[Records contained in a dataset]
--- START ---

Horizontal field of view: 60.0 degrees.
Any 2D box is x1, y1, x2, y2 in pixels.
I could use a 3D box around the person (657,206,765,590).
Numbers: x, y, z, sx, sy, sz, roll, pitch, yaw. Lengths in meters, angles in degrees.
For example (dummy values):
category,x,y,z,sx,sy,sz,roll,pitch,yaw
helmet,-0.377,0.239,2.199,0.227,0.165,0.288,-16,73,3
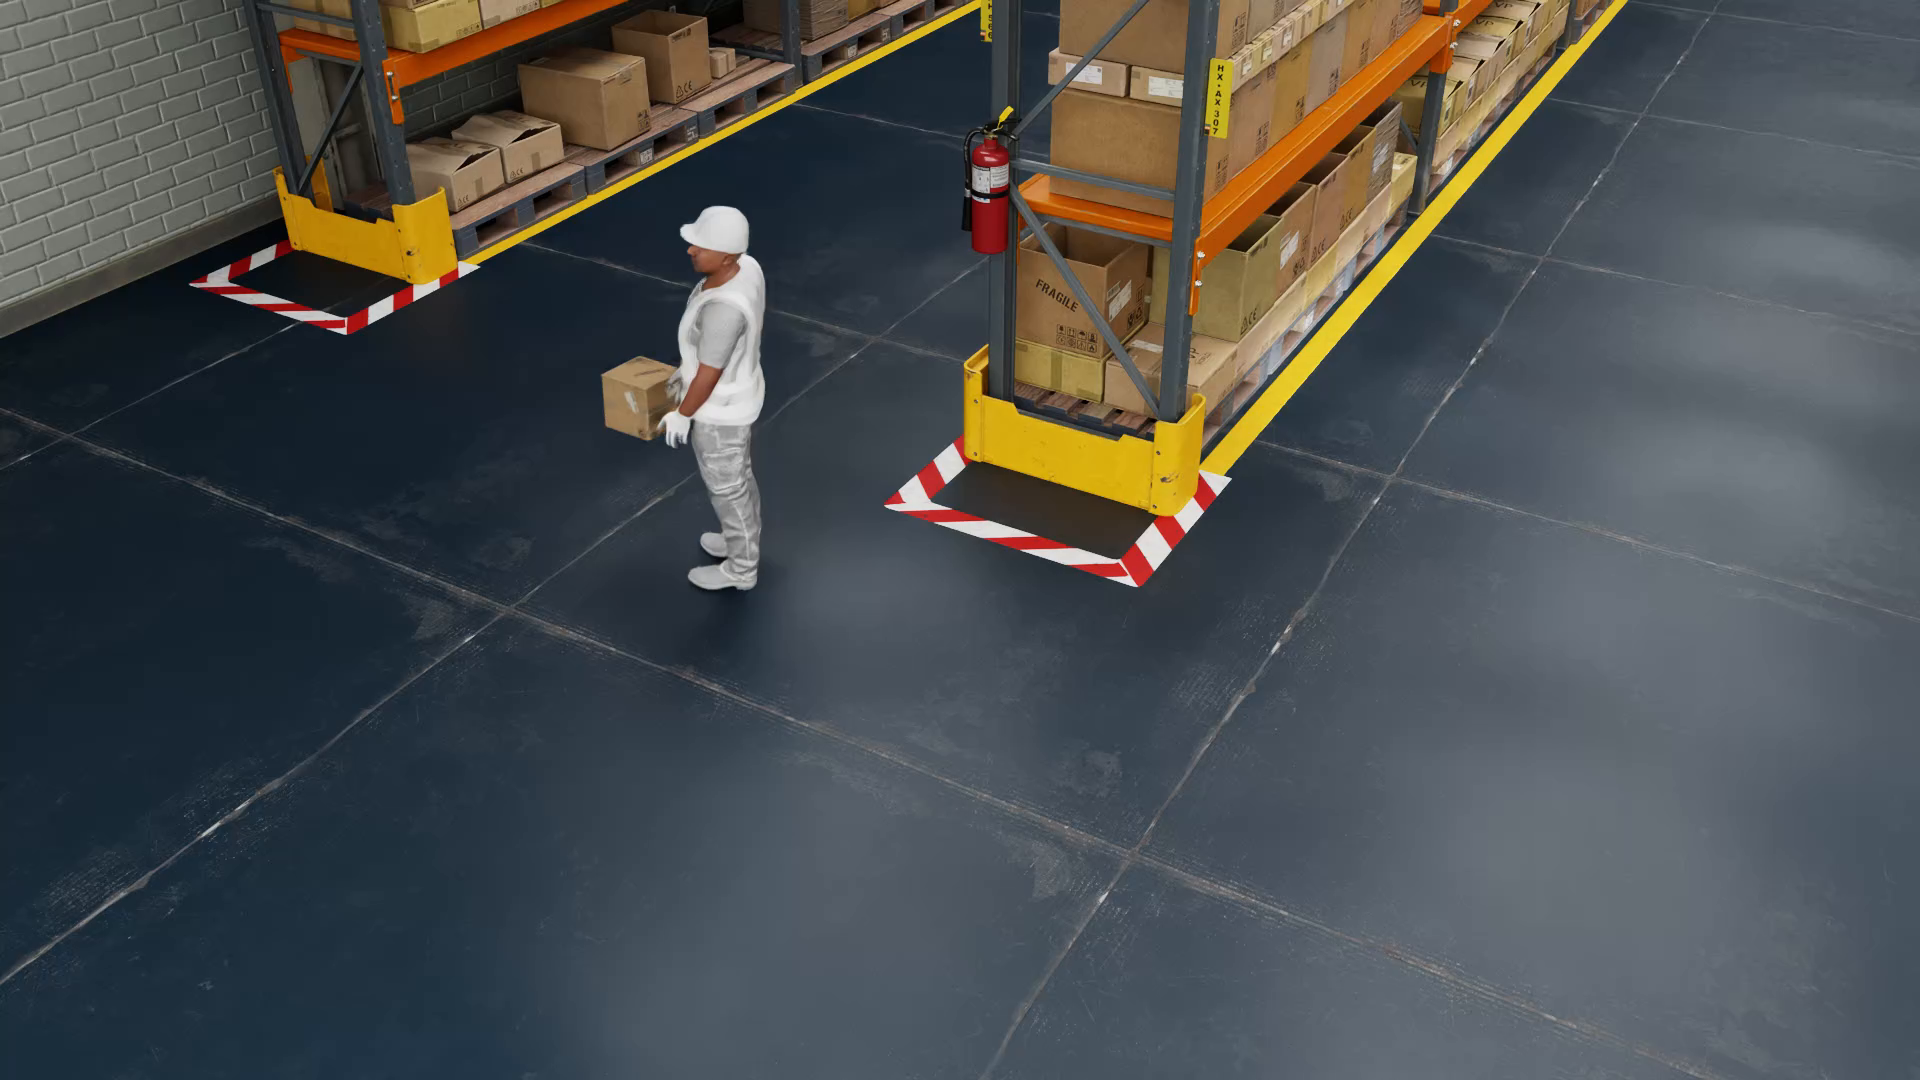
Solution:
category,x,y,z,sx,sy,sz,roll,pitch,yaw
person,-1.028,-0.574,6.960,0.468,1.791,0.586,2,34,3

--- END ---

Task instructions: The entries above are to be retyped exactly, with each picture left out.

Response to the task:
Horizontal field of view: 60.0 degrees.
Any 2D box is x1, y1, x2, y2 in pixels.
I could use a 3D box around the person (657,206,765,590).
Numbers: x, y, z, sx, sy, sz, roll, pitch, yaw. Lengths in meters, angles in degrees.
For example (dummy values):
category,x,y,z,sx,sy,sz,roll,pitch,yaw
helmet,-0.377,0.239,2.199,0.227,0.165,0.288,-16,73,3
Solution:
category,x,y,z,sx,sy,sz,roll,pitch,yaw
person,-1.028,-0.574,6.960,0.468,1.791,0.586,2,34,3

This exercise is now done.